An orthodontist is a specialist in dentistry, whose primary concern is the treatment of improper bites (malocclusions).
These malocclusions can be caused by disproportionate jaw relationships or tooth irregularity or a combination of both.
The title of orthodontist comes from the Greek words ‘ortho’ which means straight and ‘odons’ which means tooth.
Although orthodontics can be sought for aesthetic reasons, usually people see their orthodontist for practical reasons, which have to do with the functionality of their bite. Many people with an improper bite can experience jaw pain or even dental health issues.

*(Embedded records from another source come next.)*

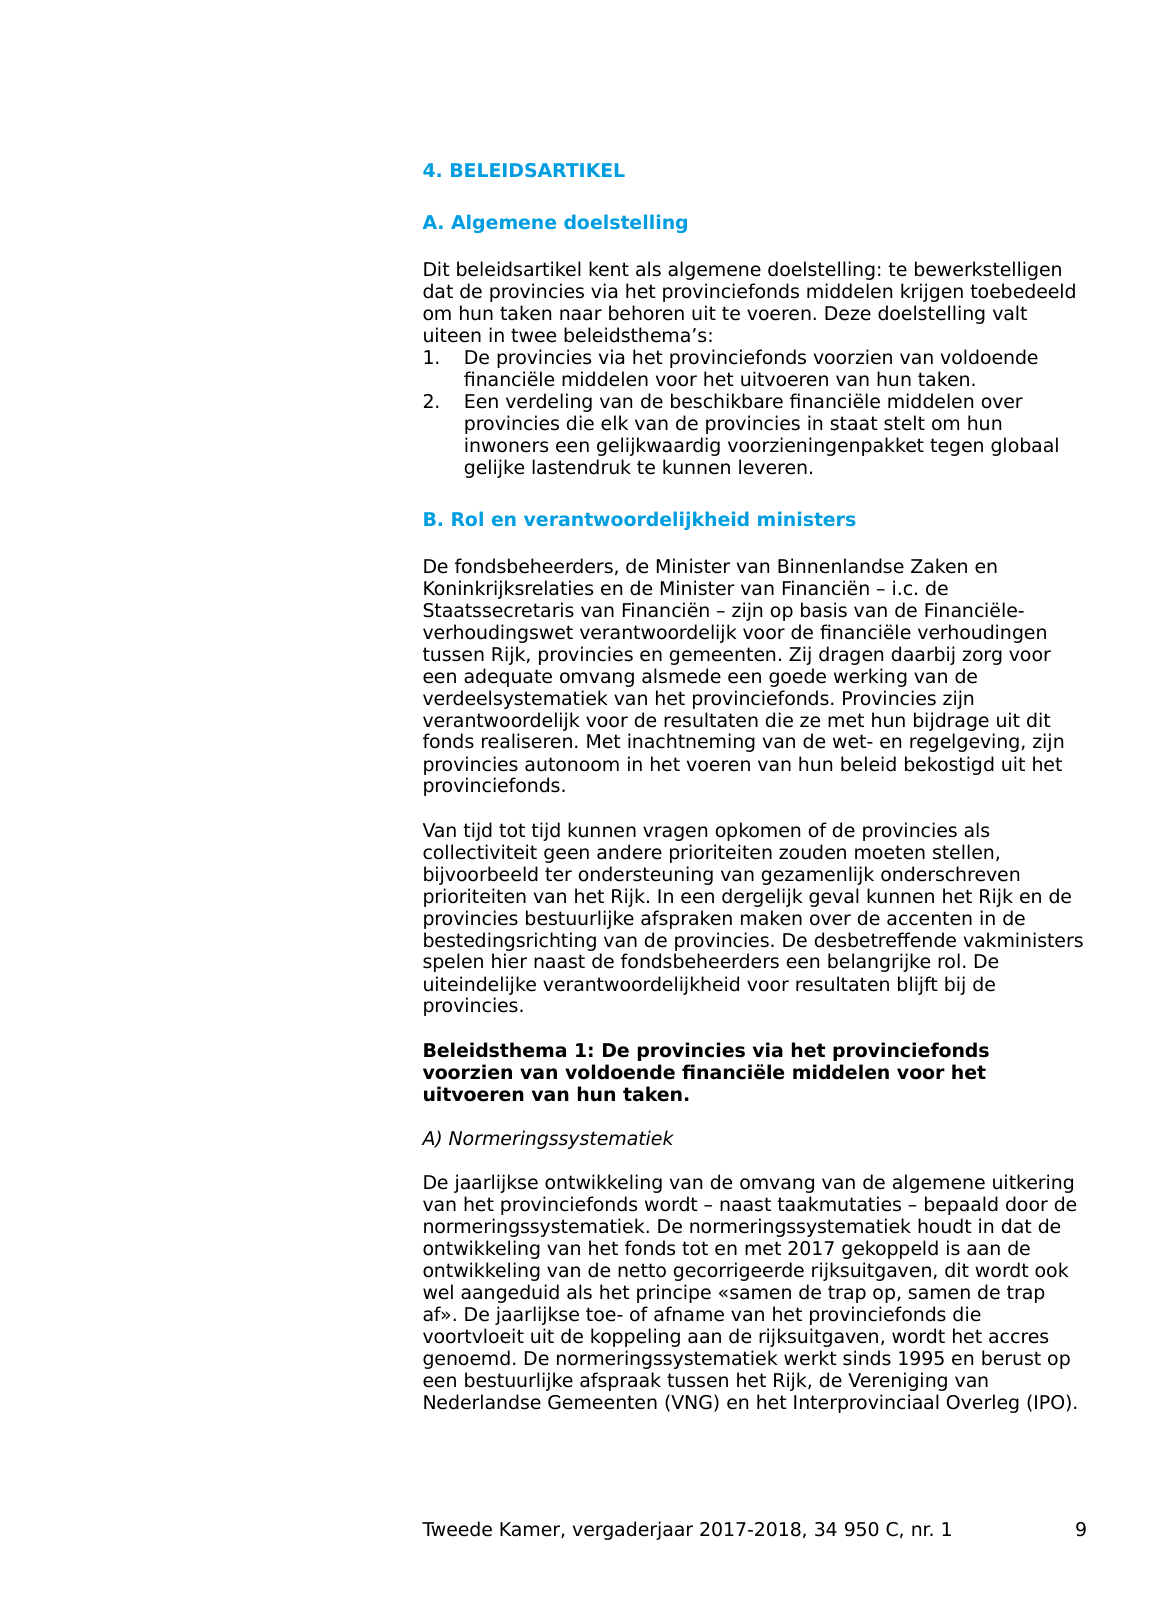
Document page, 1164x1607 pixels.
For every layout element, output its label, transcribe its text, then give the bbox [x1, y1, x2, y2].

text Van tijd tot tijd kunnen vragen opkomen of de provincies als collectiviteit geen andere prioriteiten zouden moeten stellen, bijvoorbeeld ter ondersteuning van gezamenlijk onderschreven prioriteiten van het Rijk. In een dergelijk geval kunnen het Rijk en de provincies bestuurlijke afspraken maken over de accenten in de bestedingsrichting van de provincies. De desbetreffende vakministers spelen hier naast de fondsbeheerders een belangrijke rol. De uiteindelijke verantwoordelijkheid voor resultaten blijft bij de provincies. [422, 819, 1087, 1017]
text De jaarlijkse ontwikkeling van de omvang van de algemene uitkering van het provinciefonds wordt – naast taakmutaties – bepaald door de normeringssystematiek. De normeringssystematiek houdt in dat de ontwikkeling van het fonds tot en met 2017 gekoppeld is aan de ontwikkeling van de netto gecorrigeerde rijksuitgaven, dit wordt ook wel aangeduid als het principe «samen de trap op, samen de trap af». De jaarlijkse toe- of afname van het provinciefonds die voortvloeit uit de koppeling aan de rijksuitgaven, wordt het accres genoemd. De normeringssystematiek werkt sinds 1995 en berust op een bestuurlijke afspraak tussen het Rijk, de Vereniging van Nederlandse Gemeenten (VNG) en het Interprovinciaal Overleg (IPO). [422, 1172, 1087, 1414]
subtitle A. Algemene doelstelling [422, 212, 1087, 234]
text Beleidsthema 1: De provincies via het provinciefonds voorzien van voldoende financiële middelen voor het uitvoeren van hun taken. [422, 1039, 1087, 1106]
text De fondsbeheerders, de Minister van Binnenlandse Zaken en Koninkrijksrelaties en de Minister van Financiën – i.c. de Staatssecretaris van Financiën – zijn op basis van de Financiële-verhoudingswet verantwoordelijk voor de financiële verhoudingen tussen Rijk, provincies en gemeenten. Zij dragen daarbij zorg voor een adequate omvang alsmede een goede werking van de verdeelsystematiek van het provinciefonds. Provincies zijn verantwoordelijk voor de resultaten die ze met hun bijdrage uit dit fonds realiseren. Met inachtneming van de wet- en regelgeving, zijn provincies autonoom in het voeren van hun beleid bekostigd uit het provinciefonds. [422, 556, 1087, 797]
text Dit beleidsartikel kent als algemene doelstelling: te bewerkstelligen dat de provincies via het provinciefonds middelen krijgen toebedeeld om hun taken naar behoren uit te voeren. Deze doelstelling valt uiteen in twee beleidsthema’s: [422, 259, 1087, 347]
text 1. De provincies via het provinciefonds voorzien van voldoende financiële middelen voor het uitvoeren van hun taken. [422, 347, 1087, 391]
subtitle B. Rol en verantwoordelijkheid ministers [422, 509, 1087, 531]
subtitle 4. BELEIDSARTIKEL [422, 160, 1087, 182]
subtitle A) Normeringssystematiek [422, 1128, 1087, 1150]
text 2. Een verdeling van de beschikbare financiële middelen over provincies die elk van de provincies in staat stelt om hun inwoners een gelijkwaardig voorzieningenpakket tegen globaal gelijke lastendruk te kunnen leveren. [422, 391, 1087, 479]

What Does an Orthodontist Do?
Orthodontists use hardware to align the patient’s teeth and improve their ability to shallow and chew without any challenges or discomfort. Retainers and headgear are sometimes used in tandem with the hardware inside the patient’s mouth to obtain optimal results. Even when the work is functional, the aesthetics of the patient’s bite are considered.

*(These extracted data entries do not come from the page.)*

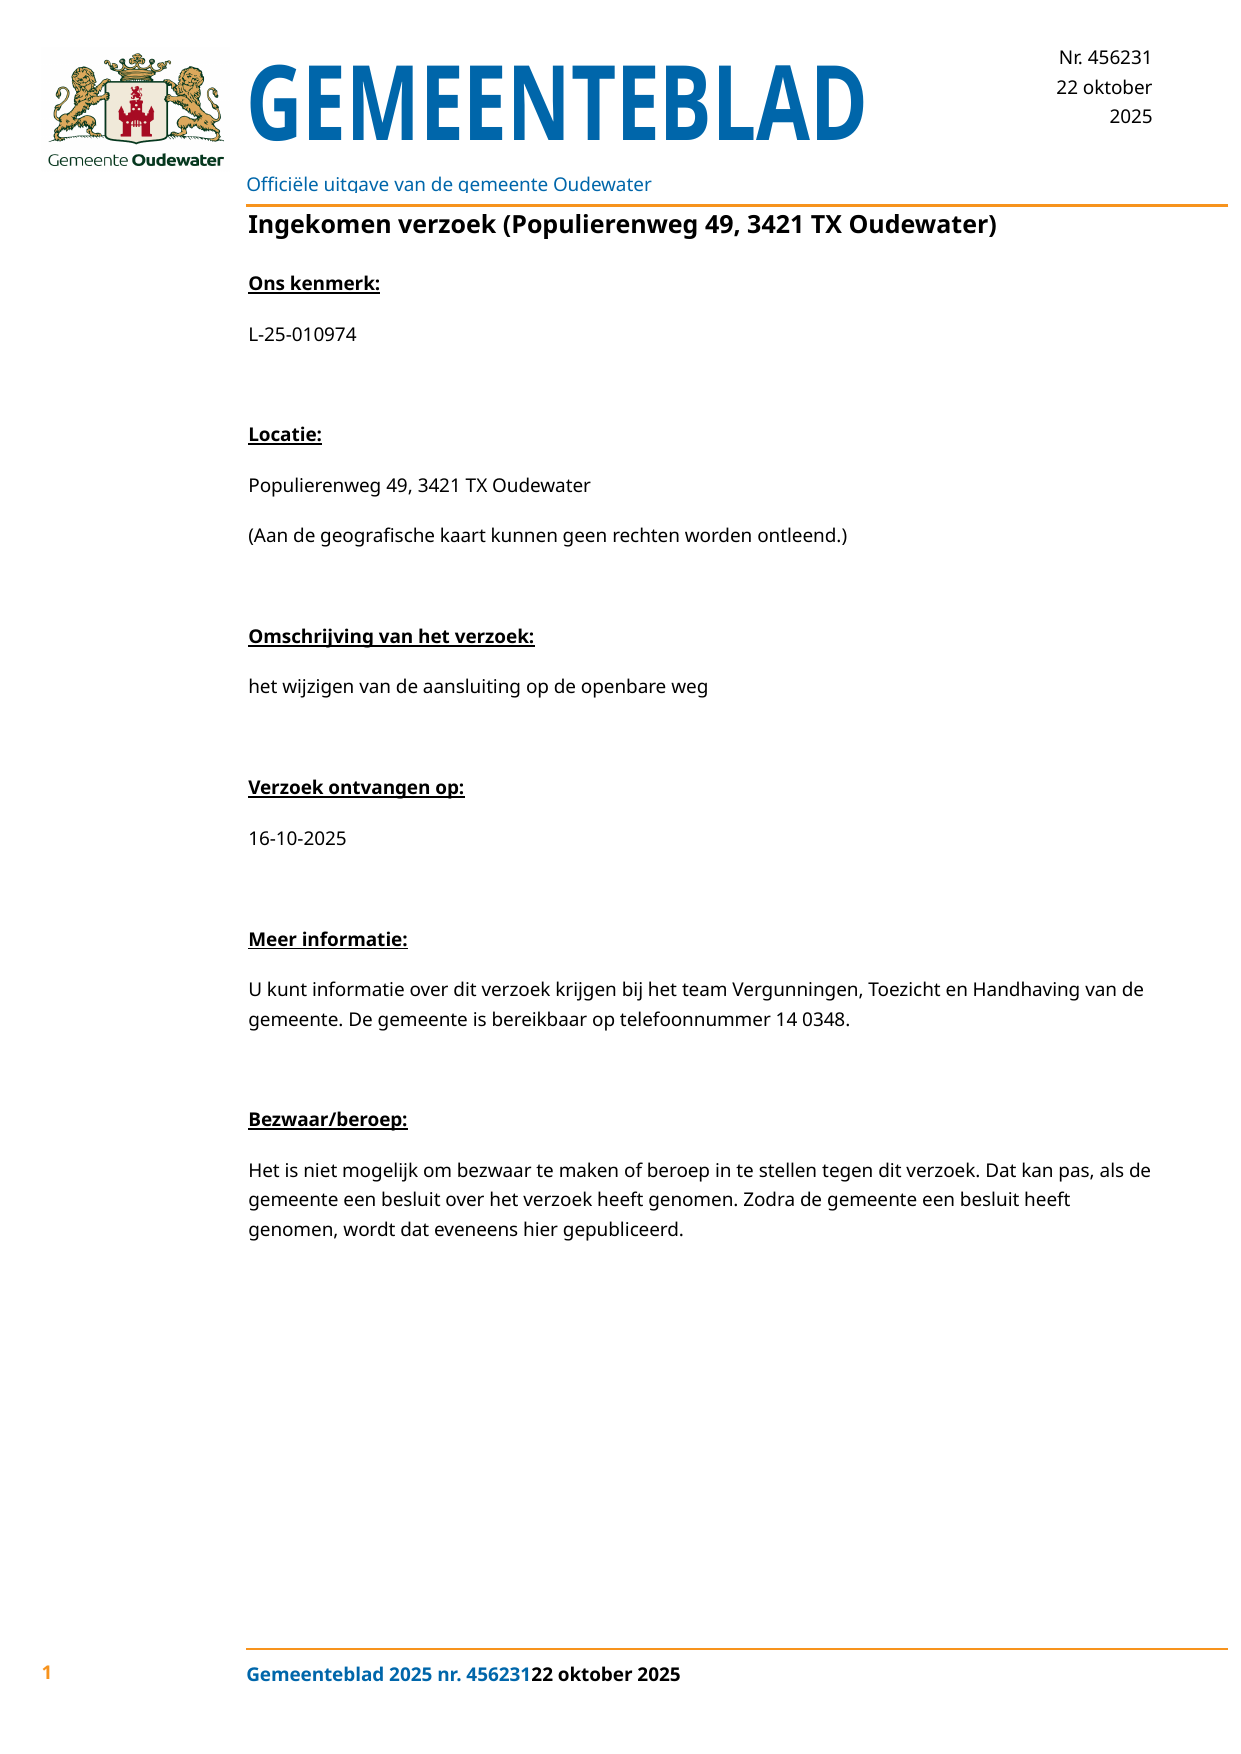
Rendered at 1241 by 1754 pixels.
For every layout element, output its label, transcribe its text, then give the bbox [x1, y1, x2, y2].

text Verzoek ontvangen op: [248, 774, 1152, 800]
text 16-10-2025 [248, 825, 1152, 851]
text Ons kenmerk: [248, 270, 1152, 296]
text het wijzigen van de aansluiting op de openbare weg [248, 674, 1152, 699]
picture [41, 47, 231, 172]
text Omschrijving van het verzoek: [248, 623, 1152, 649]
text L-25-010974 [248, 321, 1152, 346]
text Ingekomen verzoek (Populierenweg 49, 3421 TX Oudewater) [248, 207, 1152, 241]
text Locatie: [248, 422, 1152, 447]
text Bezwaar/beroep: [248, 1107, 1152, 1132]
text Het is niet mogelijk om bezwaar te maken of beroep in te stellen tegen dit verzoek. Dat kan pas, als de gemeente een besluit over het verzoek heeft genomen. Zodra de gemeente een besluit heeft genomen, wordt dat eveneens hier gepubliceerd. [248, 1157, 1152, 1242]
text U kunt informatie over dit verzoek krijgen bij het team Vergunningen, Toezicht en Handhaving van de gemeente. De gemeente is bereikbaar op telefoonnummer 14 0348. [248, 976, 1152, 1031]
text Populierenweg 49, 3421 TX Oudewater [248, 472, 1152, 498]
text (Aan de geografische kaart kunnen geen rechten worden ontleend.) [248, 522, 1152, 548]
text Meer informatie: [248, 926, 1152, 951]

The primary role of the orthodontist is to match dental appliances into the patient’s mouth so that the position and relationship of the jaws and teeth can be modified and adjusted in order to realign the teeth. Utilizing plaster models of the teeth along with pictures of the patient, x-rays, and medical history, the orthodontist determines the treatment plan.
The orthodontist then designs and creates the appliances used to put the treatment plan into action. This may include spacers (space maintainers), arch wires, retainers, brackets, bands, as well as other appliances.

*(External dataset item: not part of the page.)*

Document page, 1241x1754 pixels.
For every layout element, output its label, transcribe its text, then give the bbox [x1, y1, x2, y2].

These appliances must be fine-tuned and modified periodically so as to properly move the teeth and the jaw to the desired positions.
Orthodontists have the same foundation training as dentists do: four years of dental school and Part I and II of the NBDE (National Board Dental Exam). The orthodontist then goes onto a 2-3 year orthodontic program for additional training.
Like the dentist, the orthodontist typically works for themselves, which provides tremendous flexibility and autonomy.
A solid background in higher level sciences such as chemistry, biology, and physics will help. Latin is highly beneficial as are business, psychology, and sociology courses. You will need background in running your own business and working with the public.
Extra-curricular activities which provide opportunities to gain people skills are worthwhile as well. Sculpting courses will help improve your manual dexterity and prove useful in your practice. There is no required degree to get into dental school, but you must do well on all of the science and math courses you take.
A 3.5 GPA overall and in the science courses plus a high score on the DAT (Dental Admission Test) will help you gain entry into dental school. The DAT is a tough exam, which gauges your knowledge of higher-level science courses, as well as your math comfort.
Part of the test involves reading and understanding quantitative studies utilizing exponential notation, Algebraic equations, probability and statistics, fractions, percentages, trigonometry, conversions, and geometry.
Perceptual ability is tested with paper-folding, angle discrimination, orthographic projections, and apertures. Conceptual ability to imagine how an unfolded, irregular, and multi-sided object will look when folded is essential to doing well on this section of the test. Reading skills are critical to this test as well.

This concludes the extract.